21 January, 2016 - 14:46

Herring et al. (2004) defined three types of blogs: personal journals, “filters” (because they select and provide commentary on information from other websites) and “knowledge logs”. The majority of blogs are the online diary type. Bloggers are interested in reading new information, sharing knowledge and being connected with other are more extroverted, blog readers are more consumerist.

The use of blogs and semantic blogs has recently been associated with a decentralised form of knowledge management (Cayzer, 2004, Breslin & Decker 2007). Semantic blogging is a technology that builds upon blogging and enriches blog items with metadata. For publishing information such as research publications, there is need of some structure and semantic blogging provides this. Items may be classified using ontologies. Semantic links may exist between items (Cayzer, 2004b). Semantic blogging uses desirable features of both blogging and the semantic web to deal with the challenges of traditional blogging. The semantic web is well suited for incrementally publishing structured and semantically rich information. On the other hand, the easy publishing nature of blogging can boost the semantic web by publishing enough data and resources (Cayzer 2004a; Cayzer, 2004b).
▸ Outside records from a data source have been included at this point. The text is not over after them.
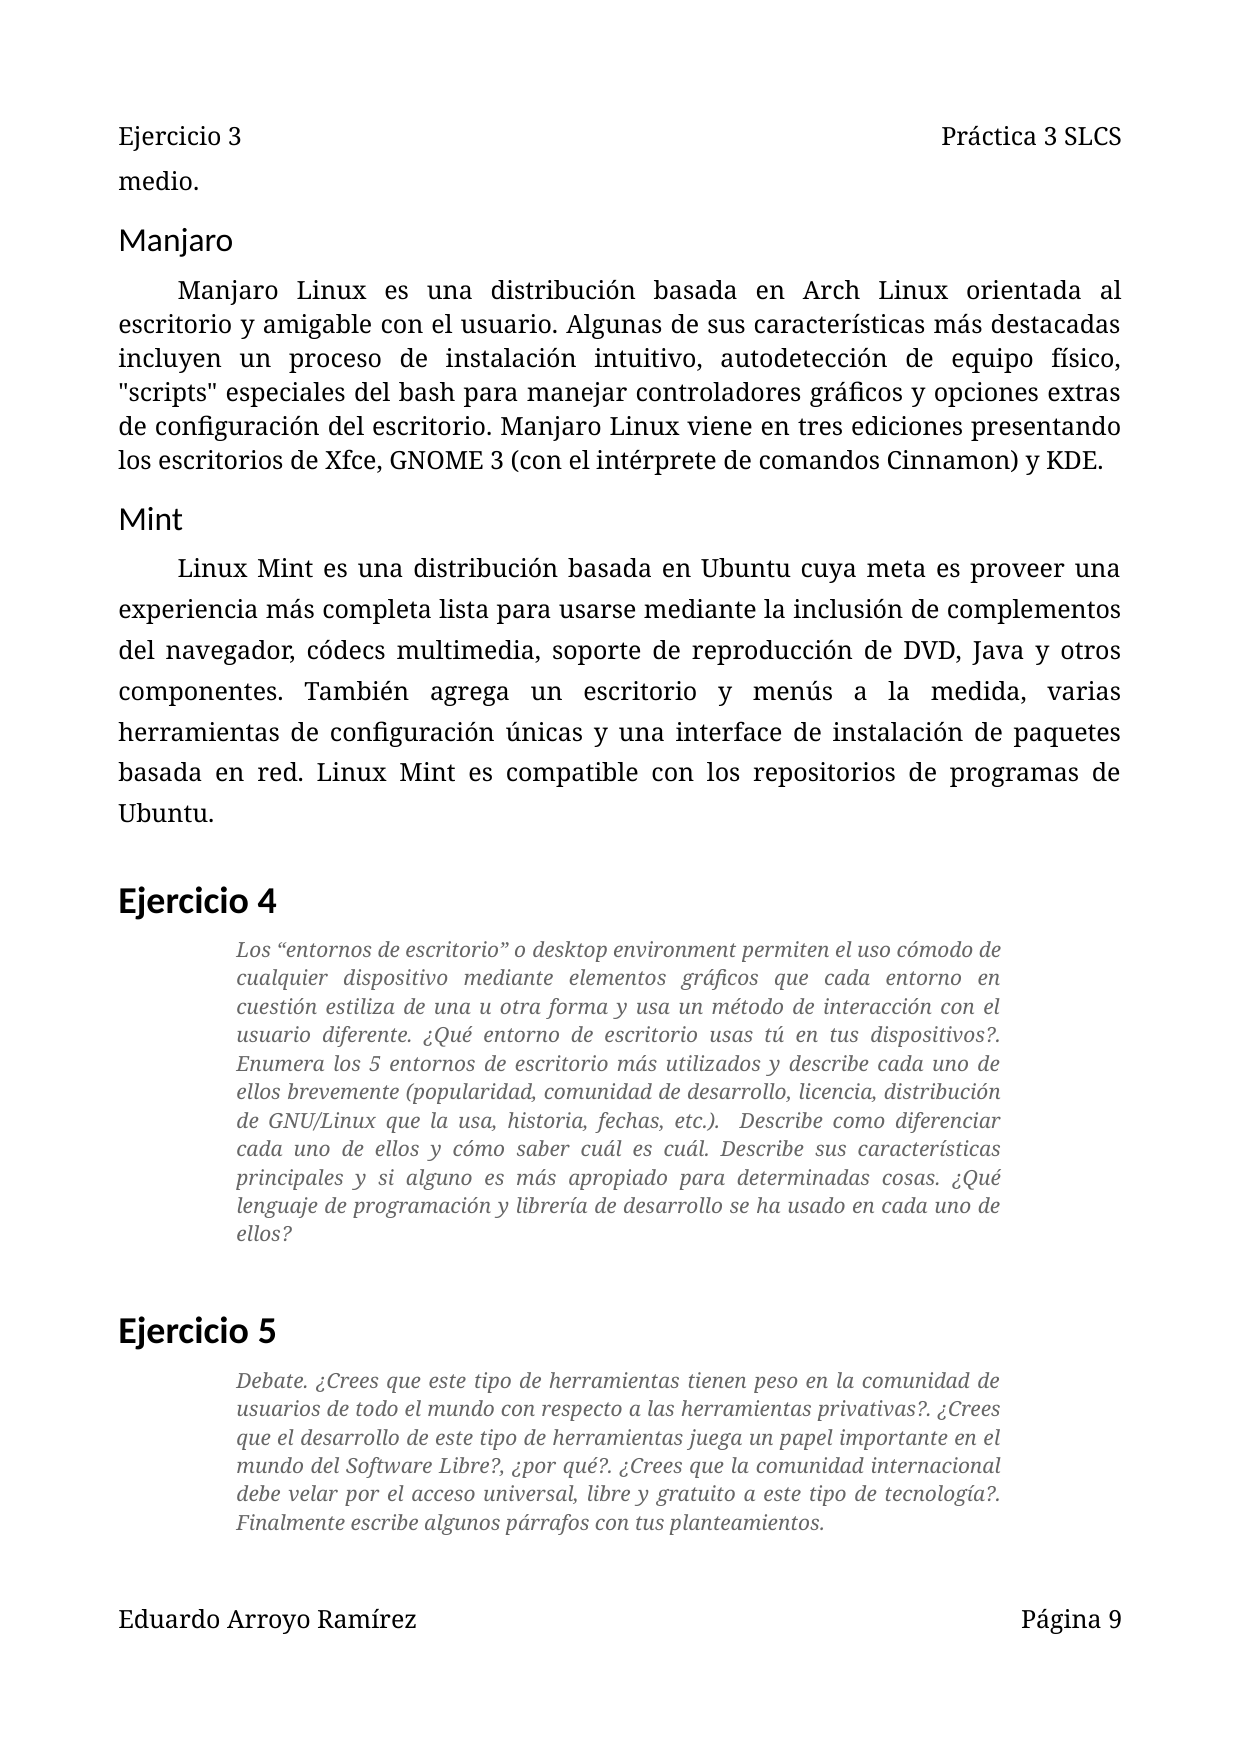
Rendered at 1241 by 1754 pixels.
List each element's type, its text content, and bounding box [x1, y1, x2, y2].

subtitle Ejercicio 4 [118, 876, 1122, 923]
text Los “entornos de escritorio” o desktop environment permiten el uso cómodo de cualquier dispositivo mediante elementos gráficos que cada entorno en cuestión estiliza de una u otra forma y usa un método de interacción con el usuario diferente. ¿Qué entorno de escritorio usas tú en tus dispositivos?. Enumera los 5 entornos de escritorio más utilizados y describe cada uno de ellos brevemente (popularidad, comunidad de desarrollo, licencia, distribución de GNU/Linux que la usa, historia, fechas, etc.). Describe como diferenciar cada uno de ellos y cómo saber cuál es cuál. Describe sus características principales y si alguno es más apropiado para determinadas cosas. ¿Qué lenguaje de programación y librería de desarrollo se ha usado en cada uno de ellos? [236, 935, 1004, 1248]
text medio. [118, 164, 1122, 198]
text Linux Mint es una distribución basada en Ubuntu cuya meta es proveer una experiencia más completa lista para usarse mediante la inclusión de complementos del navegador, códecs multimedia, soporte de reproducción de DVD, Java y otros componentes. También agrega un escritorio y menús a la medida, varias herramientas de configuración únicas y una interface de instalación de paquetes basada en red. Linux Mint es compatible con los repositorios de programas de Ubuntu. [118, 551, 1122, 830]
text Manjaro Linux es una distribución basada en Arch Linux orientada al escritorio y amigable con el usuario. Algunas de sus características más destacadas incluyen un proceso de instalación intuitivo, autodetección de equipo físico, "scripts" especiales del bash para manejar controladores gráficos y opciones extras de configuración del escritorio. Manjaro Linux viene en tres ediciones presentando los escritorios de Xfce, GNOME 3 (con el intérprete de comandos Cinnamon) y KDE. [118, 272, 1122, 477]
subtitle Mint [118, 497, 1122, 538]
subtitle Manjaro [118, 219, 1122, 260]
subtitle Ejercicio 5 [118, 1307, 1122, 1353]
text Debate. ¿Crees que este tipo de herramientas tienen peso en la comunidad de usuarios de todo el mundo con respecto a las herramientas privativas?. ¿Crees que el desarrollo de este tipo de herramientas juega un papel importante en el mundo del Software Libre?, ¿por qué?. ¿Crees que la comunidad internacional debe velar por el acceso universal, libre y gratuito a este tipo de tecnología?. Finalmente escribe algunos párrafos con tus planteamientos. [236, 1366, 1004, 1536]
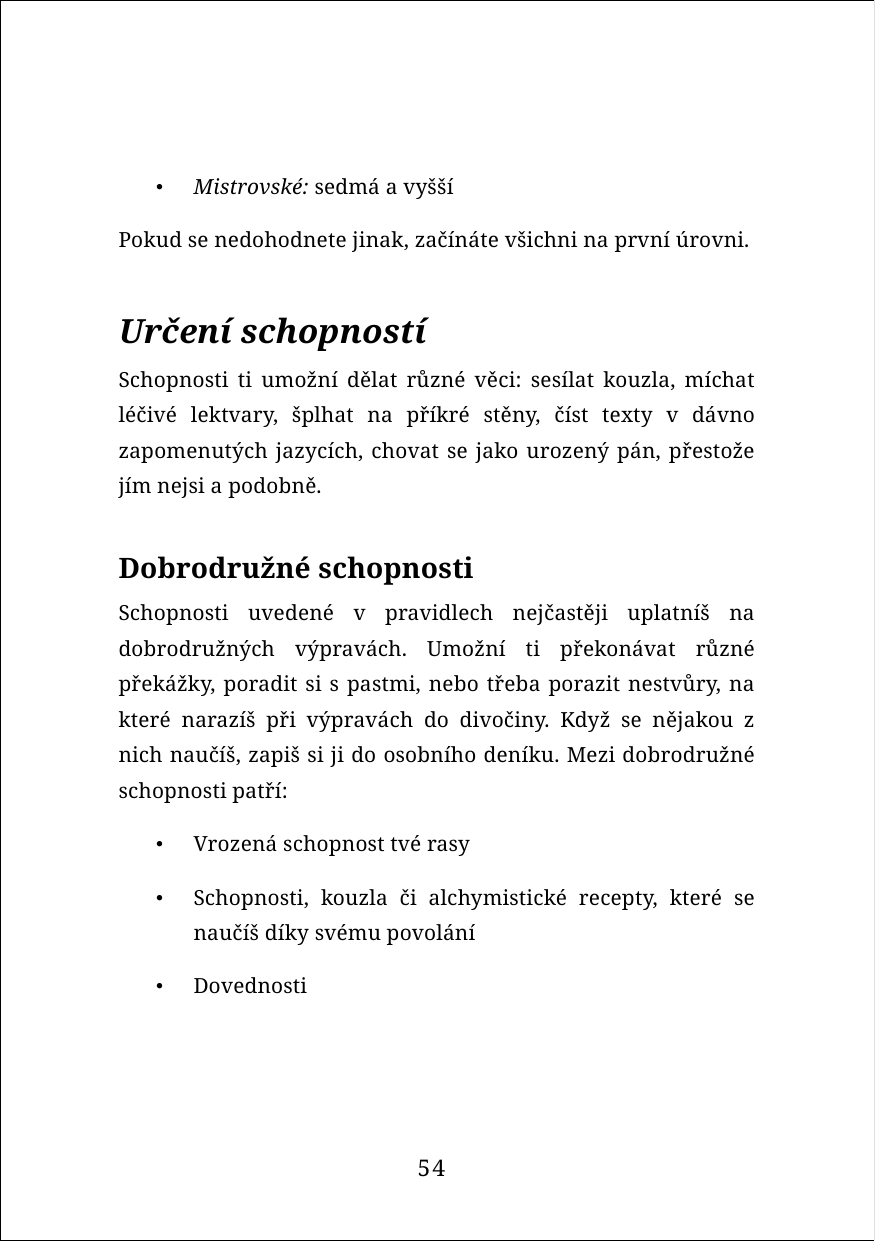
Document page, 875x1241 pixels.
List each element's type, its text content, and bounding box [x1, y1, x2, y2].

subtitle Dobrodružné schopnosti [118, 548, 756, 587]
list Vrozená schopnost tvé rasy [156, 829, 756, 858]
list Schopnosti, kouzla či alchymistické recepty, které se naučíš díky svému povolání [156, 883, 756, 947]
text Pokud se nedohodnete jinak, začínáte všichni na první úrovni. [118, 225, 756, 253]
text Schopnosti ti umožní dělat různé věci: sesílat kouzla, míchat léčivé lektvary, šplhat na příkré stěny, číst texty v dávno zapomenutých jazycích, chovat se jako urozený pán, přestože jím nejsi a podobně. [118, 365, 756, 500]
subtitle Určení schopností [118, 308, 756, 353]
text Schopnosti uvedené v pravidlech nejčastěji uplatníš na dobrodružných výpravách. Umožní ti překonávat různé překážky, poradit si s pastmi, nebo třeba porazit nestvůry, na které narazíš při výpravách do divočiny. Když se nějakou z nich naučíš, zapiš si ji do osobního deníku. Mezi dobrodružné schopnosti patří: [118, 598, 756, 804]
list Dovednosti [156, 971, 756, 1000]
list Mistrovské: sedmá a vyšší [156, 172, 756, 200]
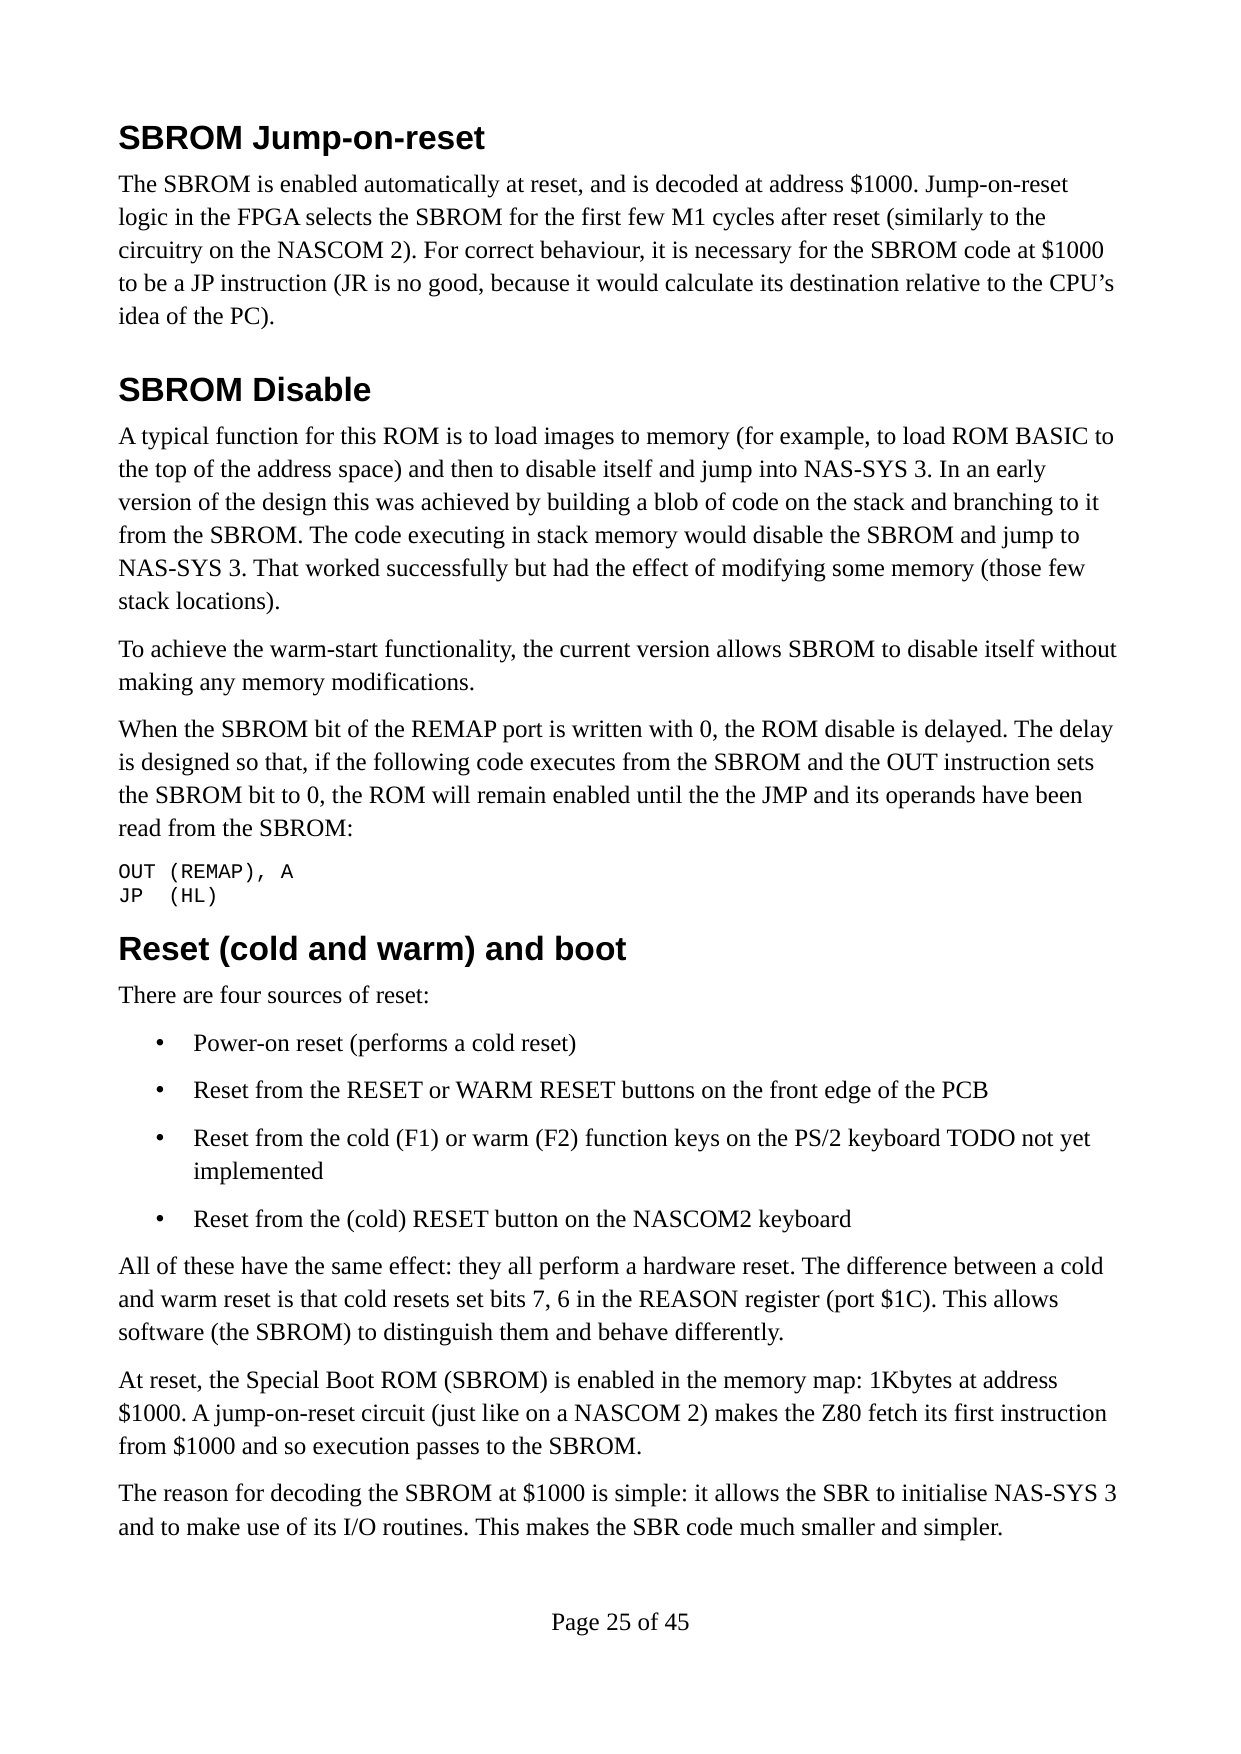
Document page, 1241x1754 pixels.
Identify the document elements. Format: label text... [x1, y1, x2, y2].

list Power-on reset (performs a cold reset) [156, 1028, 1122, 1057]
text The reason for decoding the SBROM at $1000 is simple: it allows the SBR to initialise NAS-SYS 3 and to make use of its I/O routines. This makes the SBR code much smaller and simpler. [118, 1478, 1122, 1540]
text OUT (REMAP), A [118, 861, 1122, 884]
text The SBROM is enabled automatically at reset, and is decoded at address $1000. Jump-on-reset logic in the FPGA selects the SBROM for the first few M1 cycles after reset (similarly to the circuitry on the NASCOM 2). For correct behaviour, it is necessary for the SBROM code at $1000 to be a JP instruction (JR is no good, because it would calculate its destination relative to the CPU’s idea of the PC). [118, 169, 1122, 330]
list Reset from the RESET or WARM RESET buttons on the front edge of the PCB [156, 1075, 1122, 1104]
text All of these have the same effect: they all perform a hardware reset. The difference between a cold and warm reset is that cold resets set bits 7, 6 in the REASON register (port $1C). This allows software (the SBROM) to distinguish them and behave differently. [118, 1251, 1122, 1346]
subtitle SBROM Jump-on-reset [118, 118, 1122, 157]
list Reset from the (cold) RESET button on the NASCOM2 keyboard [156, 1204, 1122, 1232]
text When the SBROM bit of the REMAP port is written with 0, the ROM disable is delayed. The delay is designed so that, if the following code executes from the SBROM and the OUT instruction sets the SBROM bit to 0, the ROM will remain enabled until the the JMP and its operands have been read from the SBROM: [118, 714, 1122, 842]
text A typical function for this ROM is to load images to memory (for example, to load ROM BASIC to the top of the address space) and then to disable itself and jump into NAS-SYS 3. In an early version of the design this was achieved by building a blob of code on the stack and branching to it from the SBROM. The code executing in stack memory would disable the SBROM and jump to NAS-SYS 3. That worked successfully but had the effect of modifying some memory (those few stack locations). [118, 421, 1122, 615]
text JP (HL) [118, 884, 1122, 908]
list Reset from the cold (F1) or warm (F2) function keys on the PS/2 keyboard TODO not yet implemented [156, 1123, 1122, 1185]
text At reset, the Special Boot ROM (SBROM) is enabled in the memory map: 1Kbytes at address $1000. A jump-on-reset circuit (just like on a NASCOM 2) makes the Z80 fetch its first instruction from $1000 and so execution passes to the SBROM. [118, 1365, 1122, 1460]
text To achieve the warm-start functionality, the current version allows SBROM to disable itself without making any memory modifications. [118, 634, 1122, 695]
subtitle Reset (cold and warm) and boot [118, 929, 1122, 968]
subtitle SBROM Disable [118, 370, 1122, 408]
text There are four sources of reset: [118, 980, 1122, 1009]

Semantic blogging can help users discover items of interest in blogs. Navigation through the blogosphere can be more flexible and meaningful due to interconnections among various items and topics. Aggregation of useful materials across multiple blogs and the semantic web is possible. Semantic blogging can extend blogging from simple diary browsing to informal knowledge management (Cayzer, 2004b). Publication is easy in semantic blogs too because only some additional metadata data have to be added compared to traditional blogs. The users do not need to put any effort to enjoy the additional features provided. Hence, there is not much effort added in using a semantic blog instead of a conventional one. The rich metadata and semantic structure work behind to give the user the added value experience of semantic blogging. However, the semantic capabilities currently implemented for semantic blogging are still limited. It is difficult to obtain blog entries relevant to a topic in an aggregated and organized form.

There is newly developed framework for semantic blogging capable of organizing results relevant to user requirement (Shakya, 2006). Attempts for implementation of that framework are made at Varna Free University (VFU) to provide more effective navigation and search by exploring semantic relations in blogs.

The system is built upon a blogging infrastructure backed up by an RDF metadata store. The metadata schema enriches the blog entries input. The metadata schema also helps the query processor to search by metadata. Users input queries to the system according to their information requirement. The query processor searches for matching blog entries and instances in the ontology of the domain of application. Integrated with the ontology is the inference engine, which can deduce implicit relations from the ontology. All the blog entries related to the relevant ontology instances are obtained from the blogontology mapping. The total relevant blog entries obtained are finally organized into an aggregated and navigable collection by the organizer. The system also produces output in RSS format which computers can understand and aggregate.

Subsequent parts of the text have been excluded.